--- Instructions to follow ---
Your task is to transcribe each record exactly and to omit every image.

Segment Start: Given data

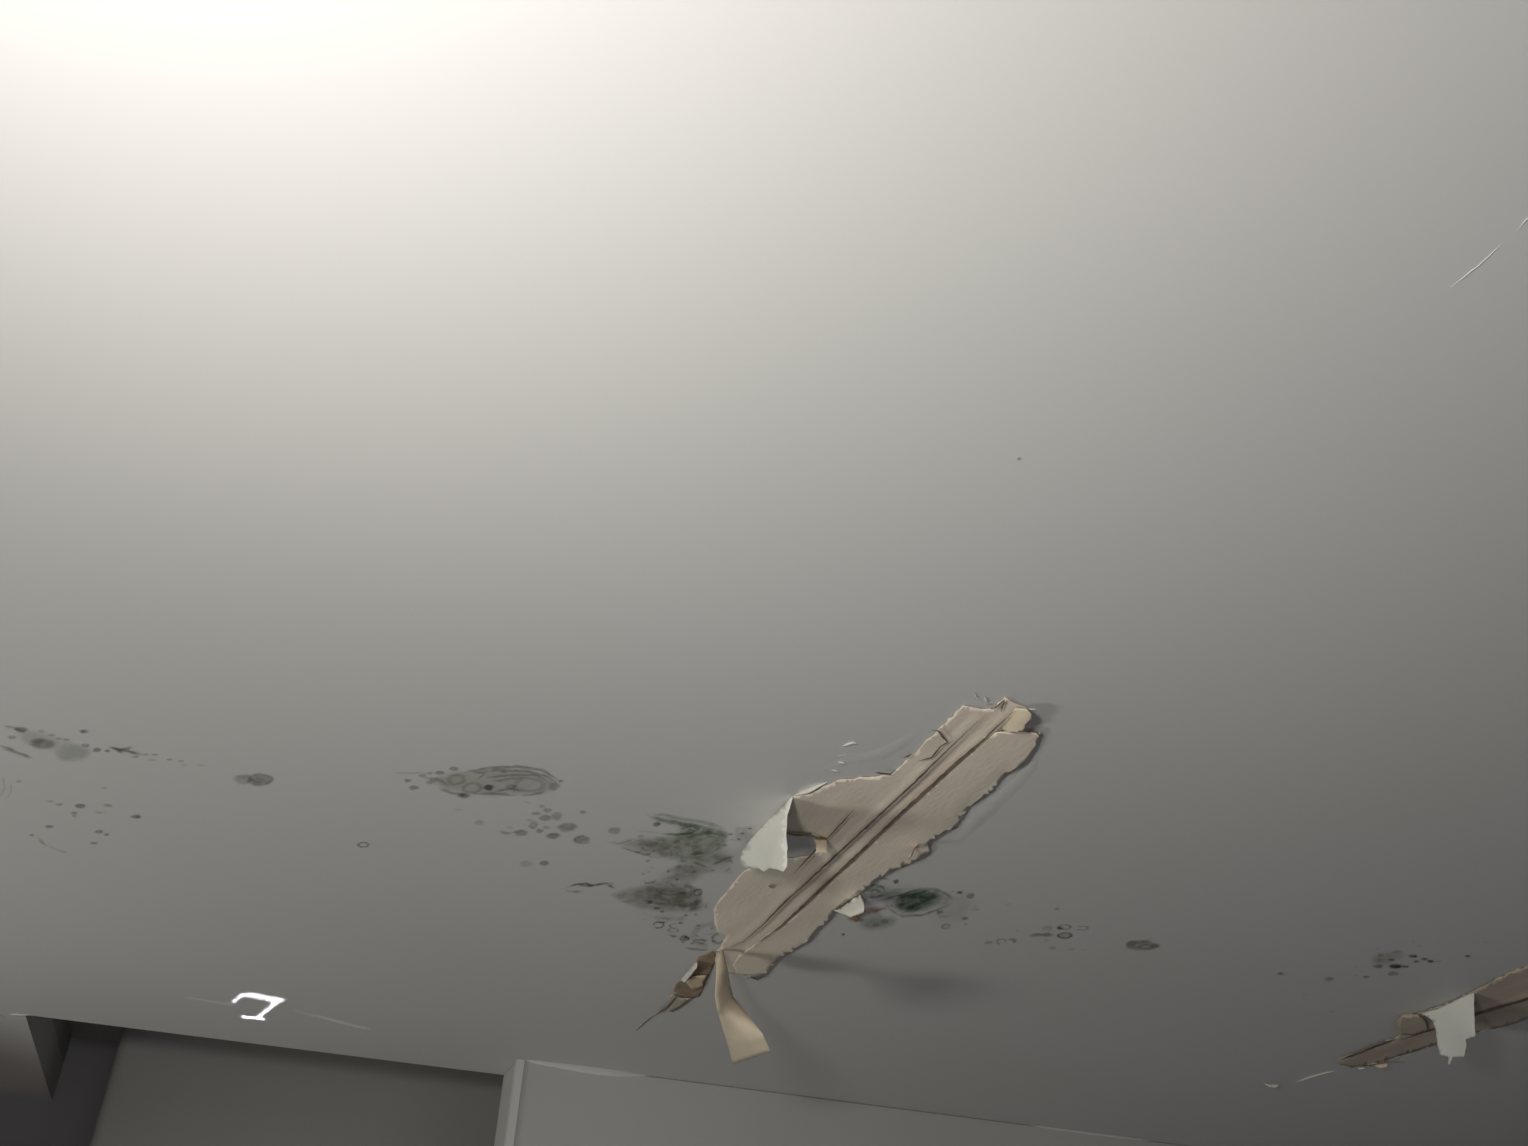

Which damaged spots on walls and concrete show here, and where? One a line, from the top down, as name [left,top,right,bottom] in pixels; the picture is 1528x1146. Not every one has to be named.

spalling [674,951,716,999]
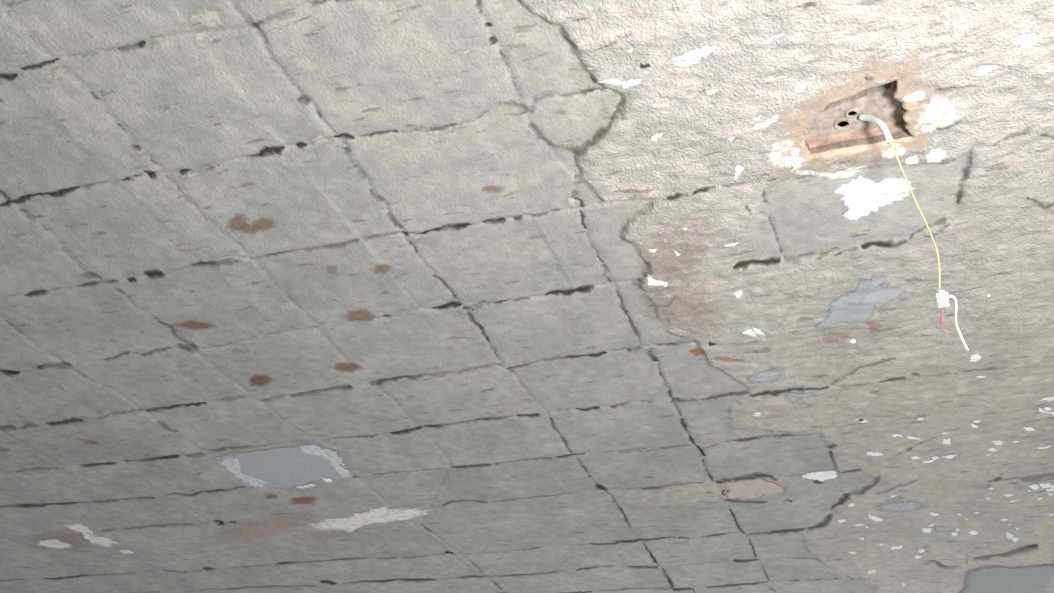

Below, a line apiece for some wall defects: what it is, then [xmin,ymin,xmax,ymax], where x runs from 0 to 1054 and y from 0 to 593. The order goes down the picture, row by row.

spalling [753,56,929,170]
crack [253,143,307,156]
crack [0,186,80,211]
peeling [834,175,915,220]
corrosion [230,216,274,233]
crack [403,217,521,252]
corrosion [349,312,371,320]
corrosion [337,363,357,371]
corrosion [251,376,269,385]
crack [517,258,880,593]
peeling [802,470,838,481]
spalling [723,478,785,500]
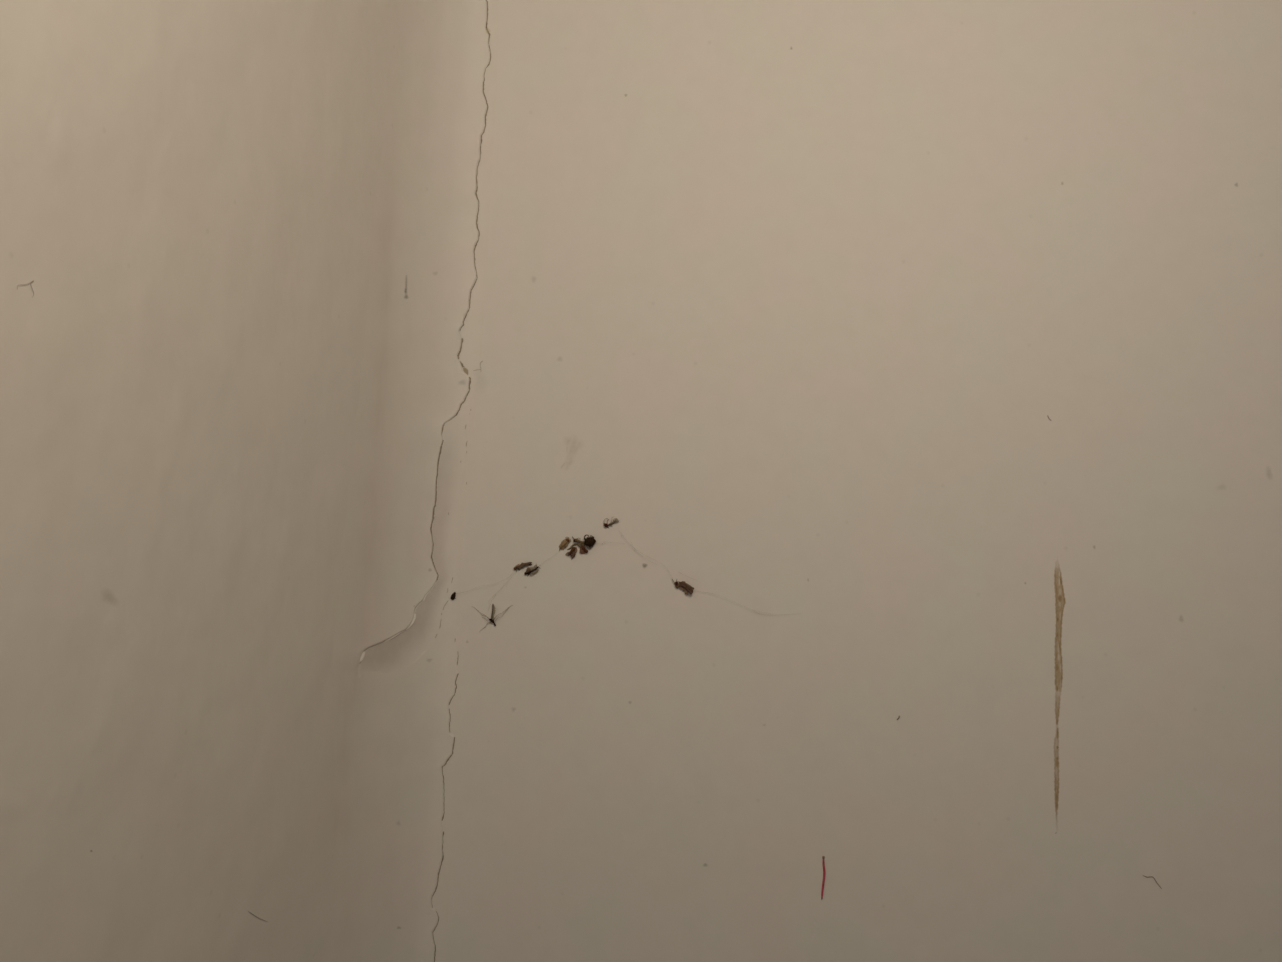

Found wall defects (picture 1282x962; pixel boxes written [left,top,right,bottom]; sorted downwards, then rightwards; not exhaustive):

Segment End: Given data

--- Your response ---
Which damaged spots on walls and concrete show here, and where? One a line, from the top down, as name [left,top,right,bottom] in pixels; the picture is 1528x1146. Not every one has to be named.

spalling [674,951,716,999]

Below, a line apiece for some wall defects: what it is, then [xmin,ymin,xmax,ymax], where x runs from 0 to 1054 and y from 0 to 593. The order goes down the picture, row by row.

spalling [753,56,929,170]
crack [253,143,307,156]
crack [0,186,80,211]
peeling [834,175,915,220]
corrosion [230,216,274,233]
crack [403,217,521,252]
corrosion [349,312,371,320]
corrosion [337,363,357,371]
corrosion [251,376,269,385]
crack [517,258,880,593]
peeling [802,470,838,481]
spalling [723,478,785,500]

Found wall defects (picture 1282x962; pixel boxes written [left,top,right,bottom]; sorted downwards, then rightwards; not exhaustive):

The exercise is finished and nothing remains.